We assigned 12,055 phenotyped and genotyped rats to Y1 or Y2 (for males) and MT1 and MT2 haplotypes and then sought to identify associations with an array of behavioral and physiological phenotypes. Remarkably, there were virtually no significant associations (Figure 3, 4). Notably, we did not find evidence to support an earlier publication by Showmaker et al. (2020) which suggested that the MT1 haplotype (BN derived) influences the chance that a rat is born with only one kidney (Table S3). We also considered gene expression, which allowed us to investigate the expression of genes located on the MT and Y Chromosomes. This analysis identified several genes located on these Chromosomes that were significantly differentially expressed.

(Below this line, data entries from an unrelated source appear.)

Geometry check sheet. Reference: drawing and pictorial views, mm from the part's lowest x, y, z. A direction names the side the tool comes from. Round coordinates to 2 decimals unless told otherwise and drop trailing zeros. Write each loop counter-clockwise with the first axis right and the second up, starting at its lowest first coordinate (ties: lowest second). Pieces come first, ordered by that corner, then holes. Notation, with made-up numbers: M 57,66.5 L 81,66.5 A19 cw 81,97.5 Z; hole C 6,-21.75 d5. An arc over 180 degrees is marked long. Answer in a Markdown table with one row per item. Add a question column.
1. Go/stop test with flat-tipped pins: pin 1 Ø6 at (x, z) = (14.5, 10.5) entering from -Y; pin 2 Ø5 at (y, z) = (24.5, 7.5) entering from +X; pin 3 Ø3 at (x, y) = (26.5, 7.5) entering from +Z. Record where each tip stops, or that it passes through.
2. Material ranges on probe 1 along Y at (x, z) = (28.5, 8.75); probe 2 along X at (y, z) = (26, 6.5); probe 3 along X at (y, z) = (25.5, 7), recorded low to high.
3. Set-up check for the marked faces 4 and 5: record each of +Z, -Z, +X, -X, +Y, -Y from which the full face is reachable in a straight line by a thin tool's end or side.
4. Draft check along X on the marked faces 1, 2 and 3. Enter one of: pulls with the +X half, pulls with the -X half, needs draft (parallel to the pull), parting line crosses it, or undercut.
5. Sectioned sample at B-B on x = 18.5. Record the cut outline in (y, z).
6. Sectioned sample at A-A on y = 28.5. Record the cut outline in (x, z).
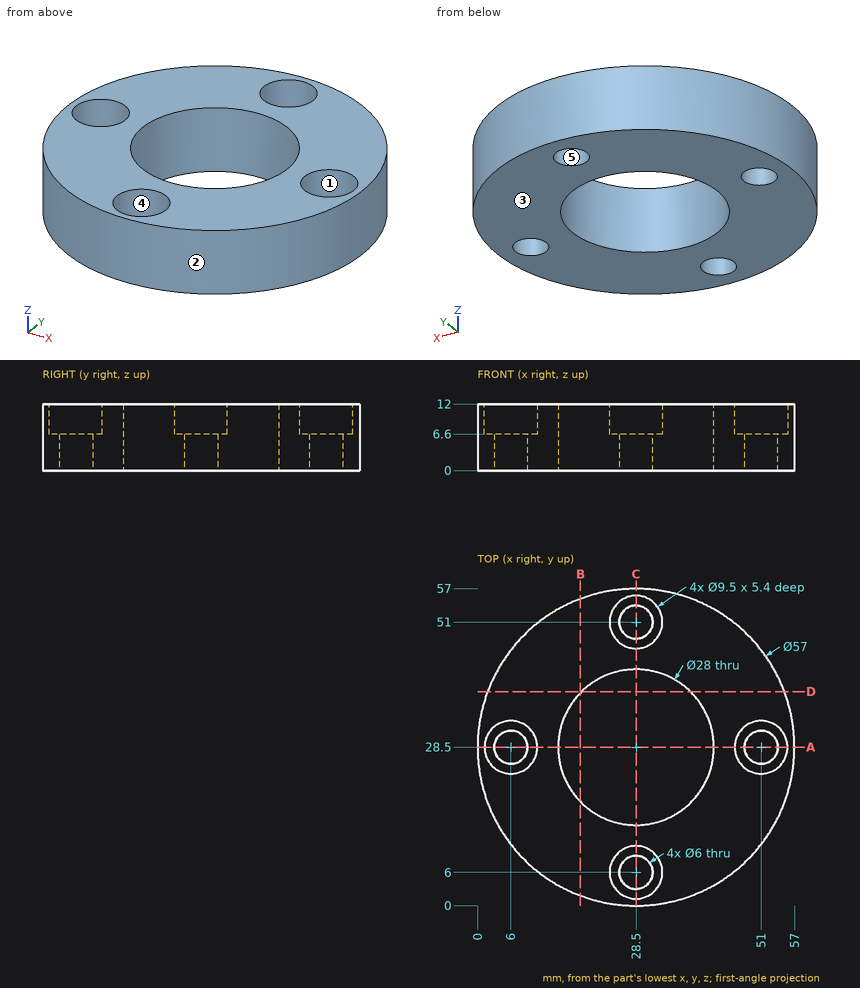
Geometry check:
| question | item | result |
|---|---|---|
| 1 | pin 1 | stops at y = 2.21 |
| 1 | pin 2 | stops at x = 56.96 |
| 1 | pin 3 | stops at z = 6.6 |
| 2 | probe 1 | y = 0 to 1.25, 10.75 to 14.5, 42.5 to 46.25, 55.75 to 57 |
| 2 | probe 2 | x = 0.11 to 4.34, 7.66 to 14.73, 42.27 to 49.34, 52.66 to 56.89 |
| 2 | probe 3 | x = 0.16 to 2.32, 9.68 to 14.83, 42.17 to 47.32, 54.68 to 56.84 |
| 3 | face 4 | +Z |
| 3 | face 5 | +Z, -Z |
| 4 | face 1 | undercut |
| 4 | face 2 | parting line crosses it |
| 4 | face 3 | needs draft |
| 5 | outline | M 1.81,0 L 18.7,0 L 18.7,12 L 1.81,12 Z; M 38.3,0 L 55.19,0 L 55.19,12 L 38.3,12 Z |
| 6 | outline | M 0,0 L 3,0 L 3,6.6 L 1.25,6.6 L 1.25,12 L 0,12 Z; M 9,0 L 14.5,0 L 14.5,12 L 10.75,12 L 10.75,6.6 L 9,6.6 Z; M 42.5,0 L 48,0 L 48,6.6 L 46.25,6.6 L 46.25,12 L 42.5,12 Z; M 54,0 L 57,0 L 57,12 L 55.75,12 L 55.75,6.6 L 54,6.6 Z |

For the Y Chromosome we identified DE of Ddx3y, which is involved in male human neuronal development (Vakilian et al. 2015), and Dkc1 (Figure 3). For the MT Chromosome, we identified subunits of the critical respiratory enzyme Complex I, as well as rRNA, which are possible artifacts of imperfect poly-A tail selection (Figure 4, Figure S6). While these eQTLs do not appear to cause detectable changes in the behavioral and physiological traits that we studied, they provide an important positive control, demonstrating that we can accurately call Y and MT haplotypes. Overall, our results show that previous genetics studies in HS rats which did not examine the Y and MT Chromosomes, did not in fact overlook important genetic effects.
A strength of our study is the fact that the genetic structure of HS rats makes them well suited for studying Y and MT. Whereas human studies can be confounded by correlations between MT and nuclear genotype (Hagen et al. 2018), the HS breeding strategy (Solberg Woods and Mott 2017) and our use of MLMA for PheWAS avoided these problems. In addition, all of the observed Y or MT haplotypes are common (Figure 1C, Figure 2C), unlike the situation in DO mice (Chesler et al. 2016) or humans (Howe et al. 2017), providing better power to detect associations in HS rats.
Our results indicate that only a few of the founder Y and MT Chromosomes have persisted into modern HS rats. This could reflect genetic drift or inadvertent selection due to differences in fitness or fecundity; our data can not distinguish between these two possibilities. Thus, it is possible that some of the unobserved Y and MT Chromosomes would have shown phenotypic consequences had they been present among the modern HS rats that we studied.
In summary, we describe Y and MT haplotype structure in modern HS rats, and present results from well-powered association analyses with various phenotypes. Haplotypes are inherited from specific HS founders and cause differential expression of several genes of biological importance, including Complex I subunits and genes with orthologs to human sex-linked disorders. Methods described here may be extended to other rat populations for further investigation of Y and MT.
Supplementary Material
Acknowledgements
The authors would like to thank Robert Vogel for advice in statistical analysis, Gregory Keele and Gary Churchill for useful insights, and Ryan Eveloff for providing unpublished STR data. We used the Triton Shared Computing Cluster (https://doi.org/10.57873/T34W2R) from the San Diego Supercomputer Center to run GCTA. This work was supported by P50DA037844.
Footnotes
Conflict of Interest: The authors declare no conflict of interest.
References
- Baud A, Hermsen R, Guryev V, Stridh P, Graham D, McBride MW, Foroud T, Calderari S, Diez M, Ockinger J, et al. 2013. Combined sequence-based and genetic mapping analysis of complex traits in outbred rats. Nat Genet. 45(7):767–775. doi: 10.1038/ng.2644. [DOI] [PMC free article] [PubMed] [Google Scholar]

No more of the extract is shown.